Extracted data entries
::::::::

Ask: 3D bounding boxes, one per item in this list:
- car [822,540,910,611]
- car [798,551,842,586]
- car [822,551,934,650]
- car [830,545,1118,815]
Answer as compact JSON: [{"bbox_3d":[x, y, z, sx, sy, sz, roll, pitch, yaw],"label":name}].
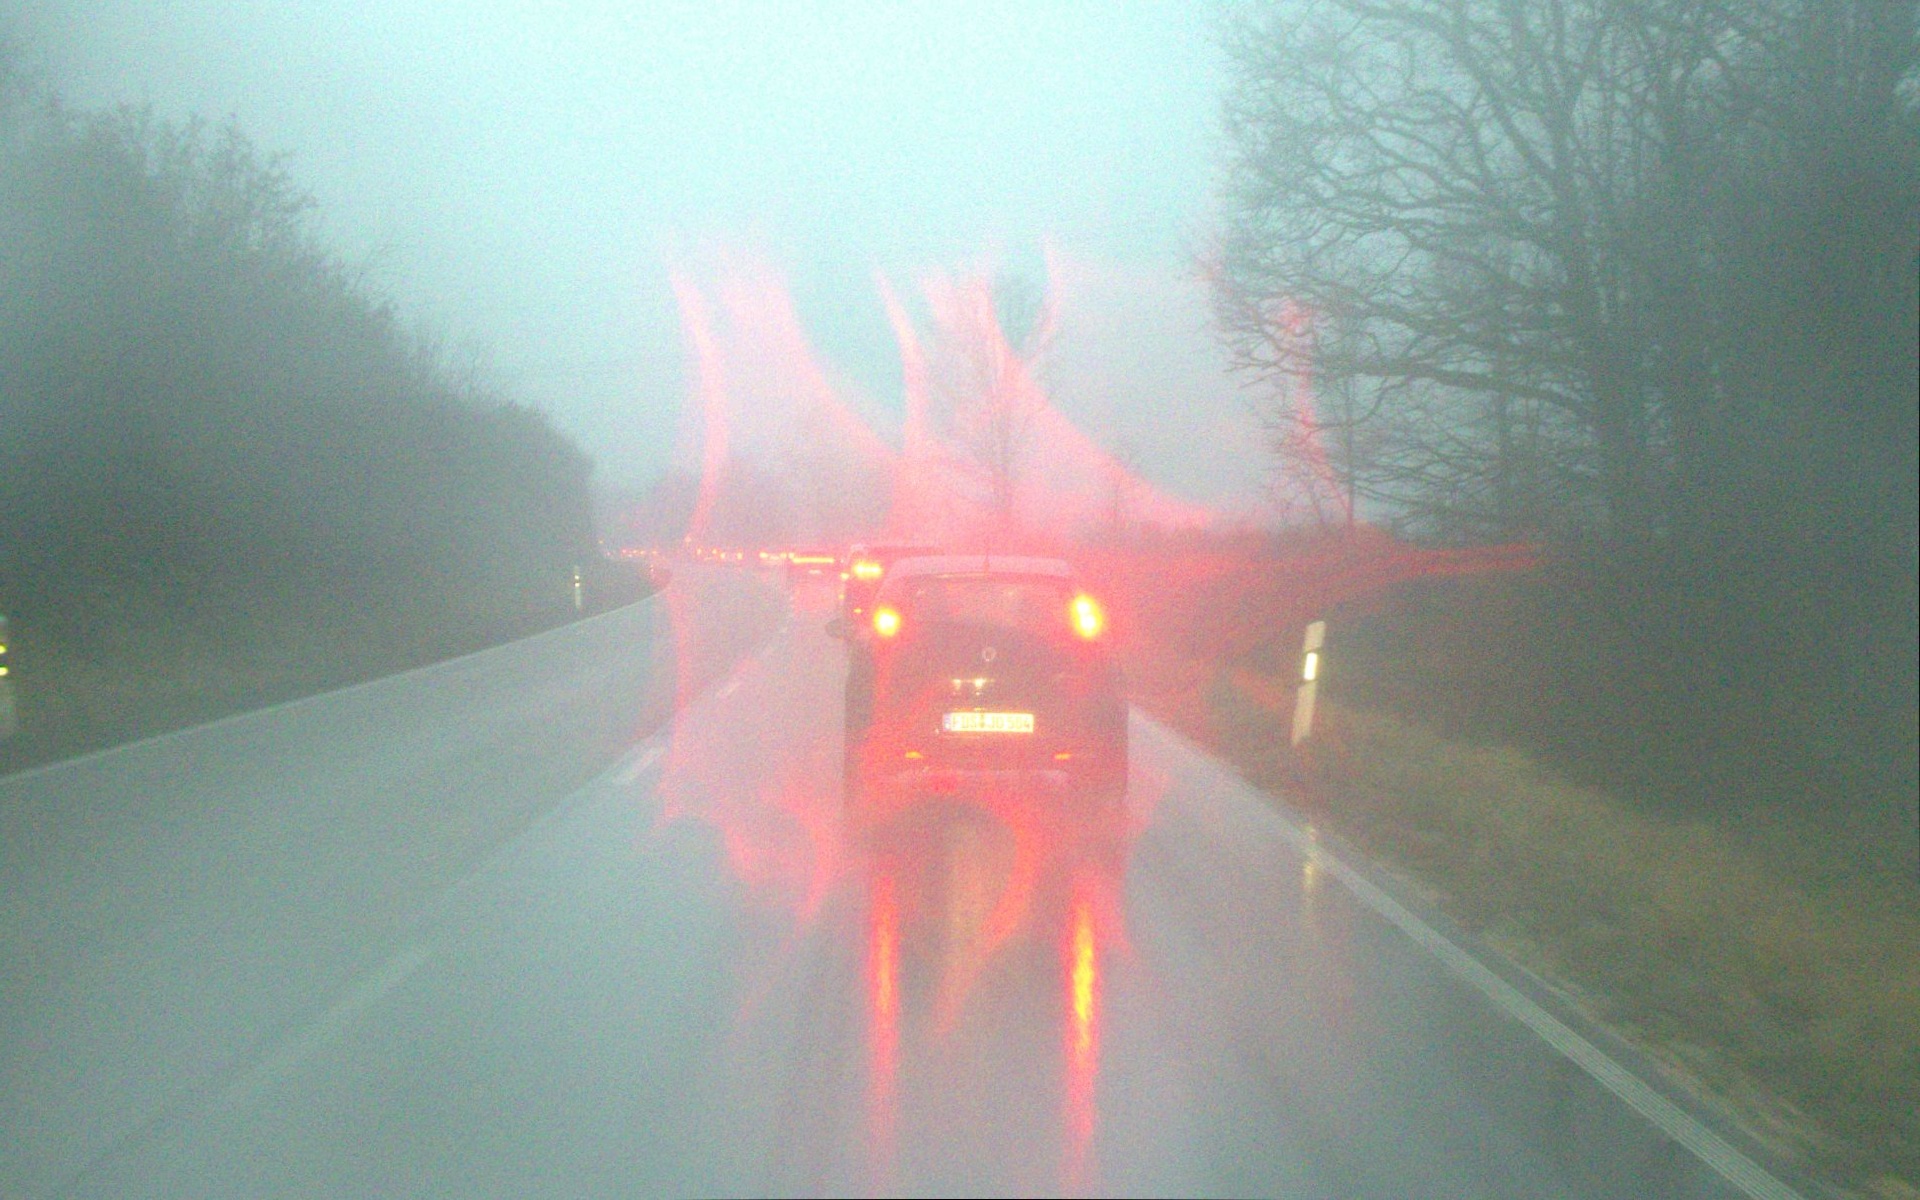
[{"bbox_3d":[-1.898,-0.517,70.580,1.547,1.392,3.869,1,1,2],"label":"car"},{"bbox_3d":[-5.674,-1.288,139.430,1.547,1.392,3.869,1,1,1],"label":"car"},{"bbox_3d":[-1.191,-0.018,51.205,1.547,1.392,3.869,1,1,0],"label":"car"},{"bbox_3d":[0.167,0.426,21.542,1.602,1.517,3.869,1,1,3],"label":"car"}]

::::::::

▶ _How to complete this task_: Your answer should hold every record above, printed exactly and free of pictures.

▶ _Response for this exercise_:
Ask: 3D bounding boxes, one per item in this list:
- car [822,540,910,611]
- car [798,551,842,586]
- car [822,551,934,650]
- car [830,545,1118,815]
Answer as compact JSON: [{"bbox_3d":[x, y, z, sx, sy, sz, roll, pitch, yaw],"label":name}].
[{"bbox_3d":[-1.898,-0.517,70.580,1.547,1.392,3.869,1,1,2],"label":"car"},{"bbox_3d":[-5.674,-1.288,139.430,1.547,1.392,3.869,1,1,1],"label":"car"},{"bbox_3d":[-1.191,-0.018,51.205,1.547,1.392,3.869,1,1,0],"label":"car"},{"bbox_3d":[0.167,0.426,21.542,1.602,1.517,3.869,1,1,3],"label":"car"}]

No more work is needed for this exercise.